James Shields is unlikely to go down as one of White Sox fans’ most beloved pitchers.
It was always going to be hard to erase the memories of his first two seasons on the South Side, which saw him post a 5.99 ERA and give up 58 home runs.
But Shields, a 36-year-old veteran who doesn’t figures to have much of a place in this rebuilding franchise’s long-term plans, made a heck of an impact and did a heck of a job during this losing season, one that could end up being felt when the team does transition to contention mode.
Shields capped his 2018 season with another six innings Tuesday night. It didn’t end up his 20th quality start of the season, with him giving up four runs, but he reached the 200-inning mark for the 10th time in his 13-year major league career, as good an example as any of how reliable and how steady a veteran presence he’s been this season.
As of this writing, baseball’s 200-inning club in 2018 looked like this: Max Scherzer, Corey Kluber, Jacob deGrom, Justin Verlander, Aaron Nola, Zack Greinke, Dallas Keuchel and Shields.
“Going into this season, I was really taking pride in being able to get to that 200 mark again,” Shields said. “It’s my 10th time I’ve done it in my career, so that was kind of looming over my head a little bit, and to be able to get that, it’s just all the hard work I’ve put in this year and I’m really really proud of that.”
The other numbers might not scream “overwhelming success” of a season, even if it was by far his best year in a White Sox uniform. Shields finished with a 4.54 ERA and 154 strikeouts. The 34 home runs he gave up are the second most in baseball. His 78 walks put him in the top five in the game in that category.
But Shields’ impact has been as much about what he’s done off the mound as what he’s done on it. He’s served as a mentor to this team of young players, one that keeps getting younger with every highly touted prospect that gets his call to the big leagues. He’s been a particularly strong influence on Lucas Giolito, with the two set up next to each other in the clubhouse all season — that is until Michael Kopech arrived and Shields requested Kopech slide in between him and Giolito, again for mentoring purposes.
That’s a valuable thing on a team that figures to stay young as this rebuilding process moves along toward planned contention.

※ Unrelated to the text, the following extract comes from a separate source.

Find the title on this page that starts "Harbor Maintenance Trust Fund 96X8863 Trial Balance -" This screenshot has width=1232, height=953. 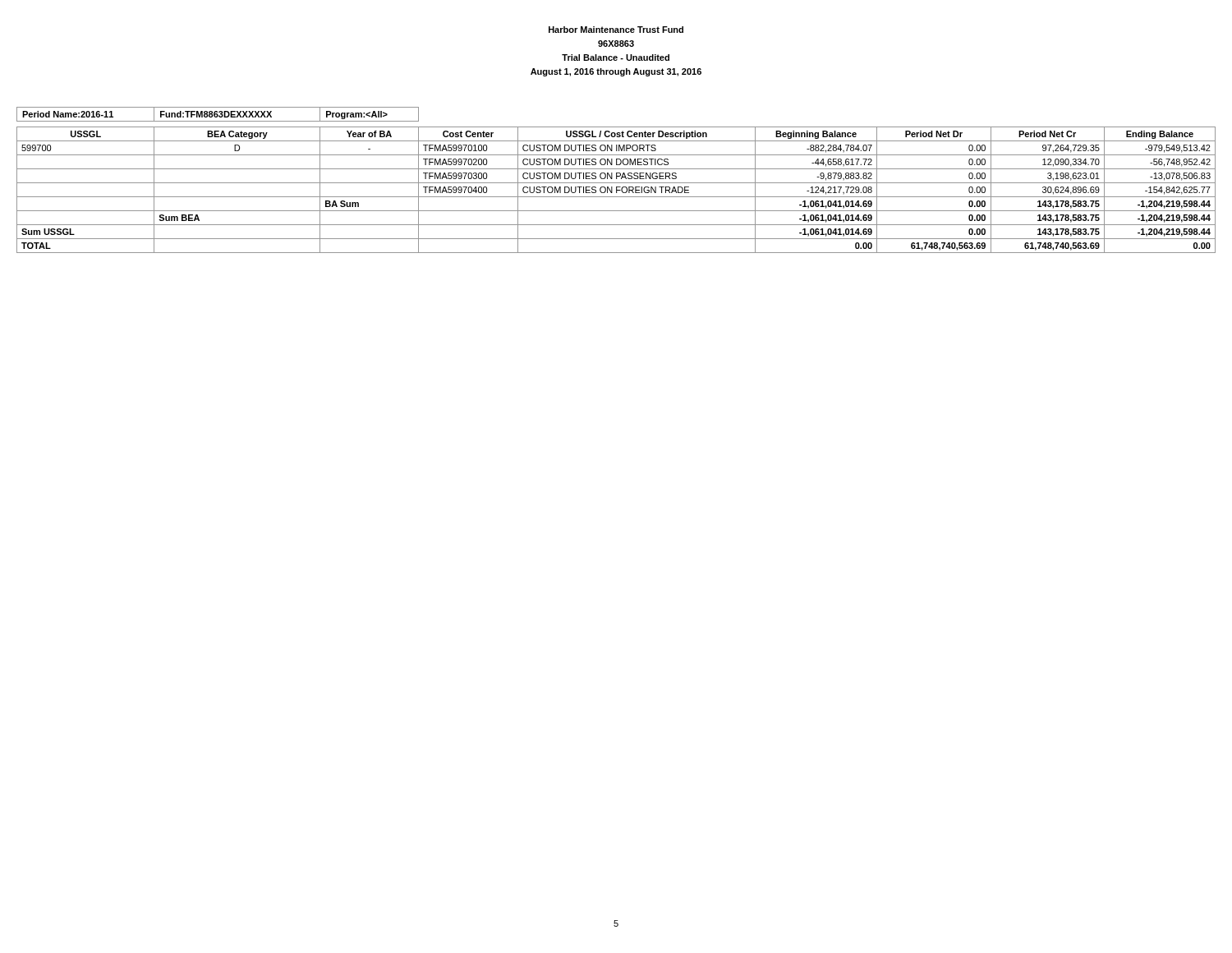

“I think more than anything, when you see how he’s continued to pitch and work through all of the things he’s done over the course of his career, I think he’s been a big factor by example,” manager Rick Renteria said prior to Tuesday’s game. “He goes out there and shows you how to get through innings, grind through some rough outings and continue to eat up outs. I think these guys are seeing it. He’s been someone that’s shown them why he’s been around for so many years.
“I think these guys have taken on some of his personality, some of his traits. Hopefully it’s something they can cling to and continue to help each other with. It certainly doesn’t hurt to have someone that’s something like that. He’s done everything he could to help with both between the lines and being in the clubhouse.”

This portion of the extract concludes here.